By Kris Olson & Kallie Cox

They are far from the last words a judge will write on the subject, nor do they have any precedential value. But that has not stopped attorneys from poring over a recent Delaware federal court decision that represents the first substantive application of copyright law and fair use doctrine to artificial intelligence.

The case, Thomson Reuters Enterprise Centre GMBH, et al. v. Ross Intelligence Inc., involves an AI-powered legal research search engine that the defendant created to compete with Westlaw, a product of plaintiff Thomson Reuters.

Rebuffed when it asked to license Westlaw’s content, Ross Intelligence instead struck a deal with the company LegalEase to get access to LegalEase’s “Bulk Memos” to use as training data for its AI. Bulk Memos are lawyers’ compilations of legal questions with good and bad answers.
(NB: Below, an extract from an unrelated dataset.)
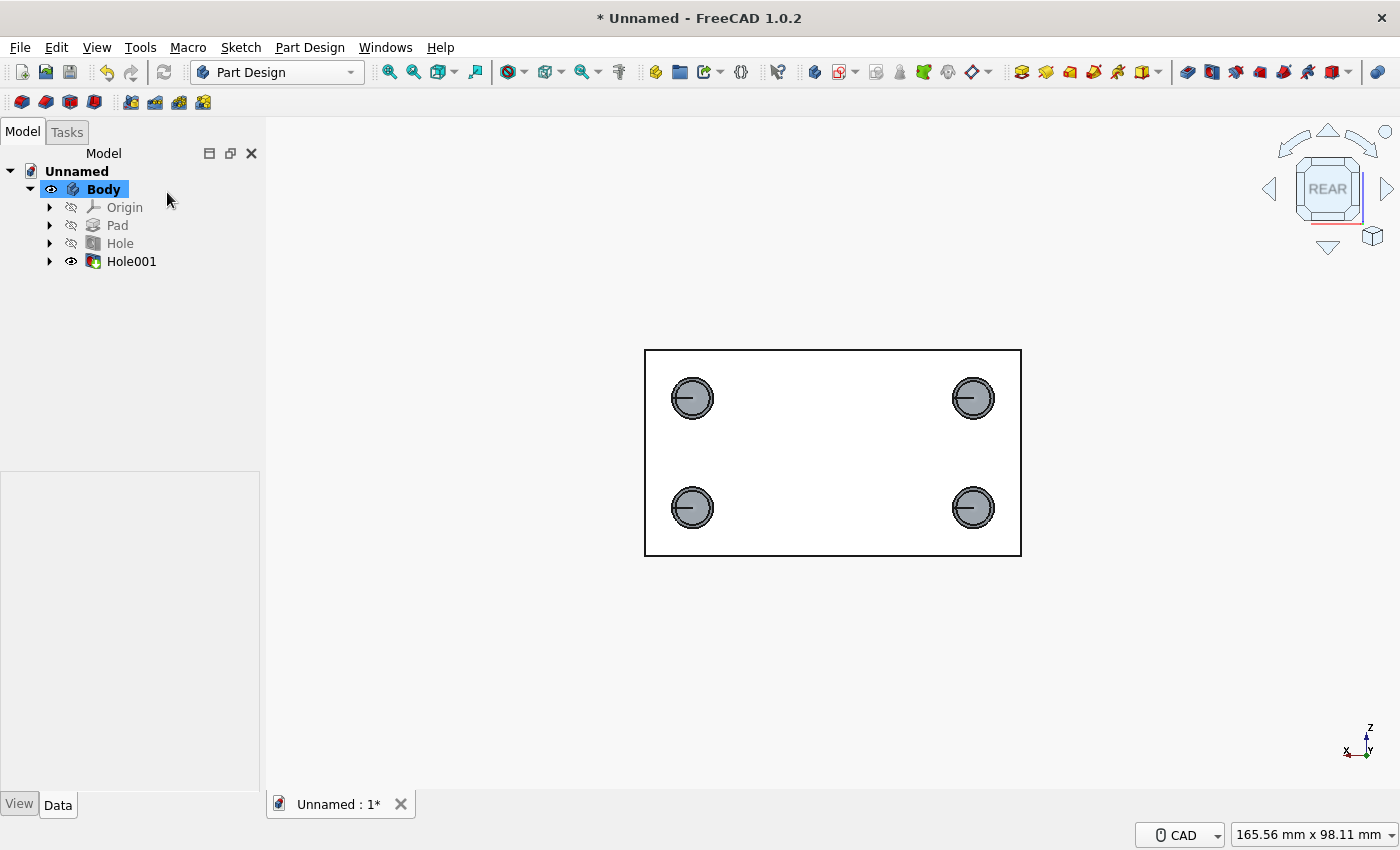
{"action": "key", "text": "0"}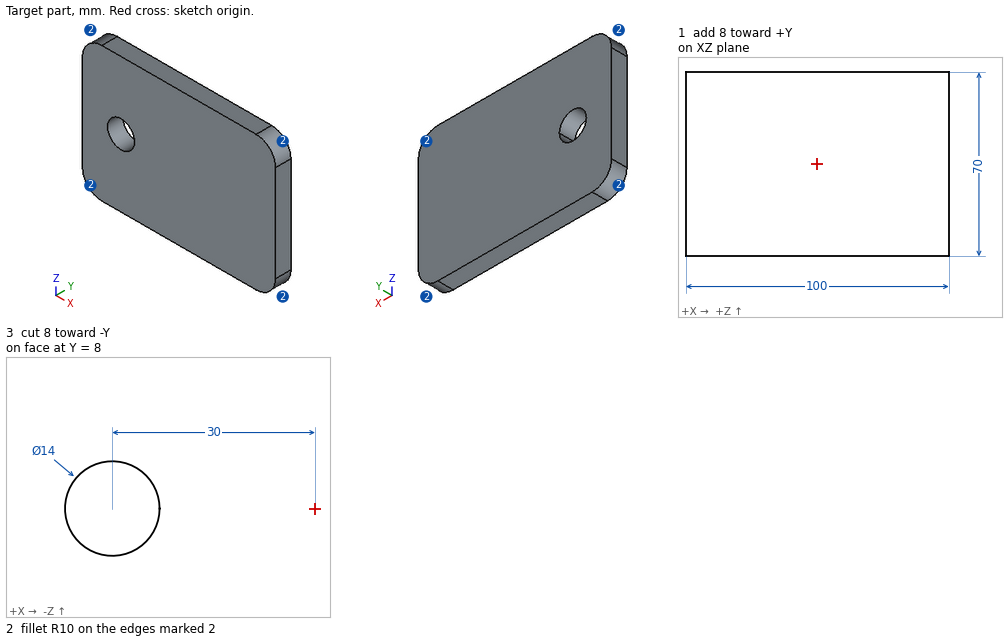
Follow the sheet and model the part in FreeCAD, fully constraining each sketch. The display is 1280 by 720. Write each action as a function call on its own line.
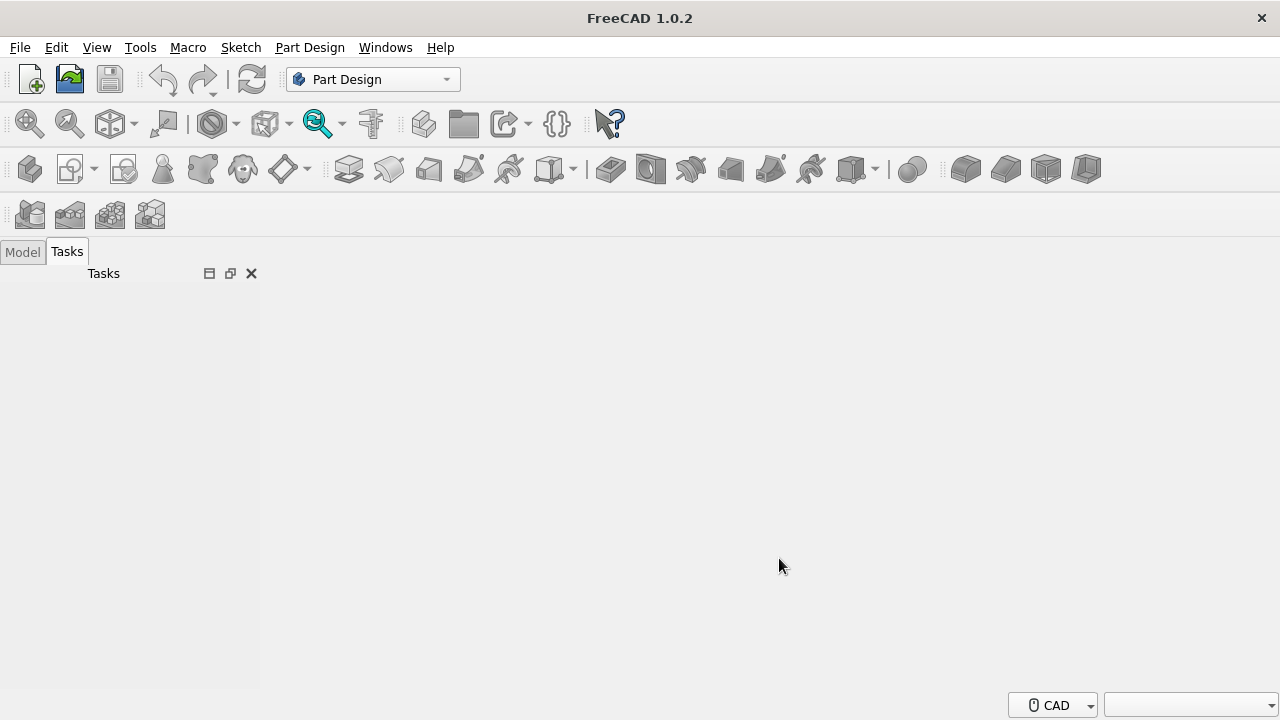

They were created using Westlaw headnotes, which summarize key points of law and case holdings. The lawyers hired by LegalEase were told they should use Westlaw’s headnotes, but they should do more than just copy and paste them directly into the questions they were writing.

Back in 2023, 3rd U.S. Circuit Court of Appeals Judge Stephanos Bibas, sitting by designation in Delaware, largely denied Thomson Reuters’ motions for summary judgment on the issues of copyright infringement and Ross’ fair use defense.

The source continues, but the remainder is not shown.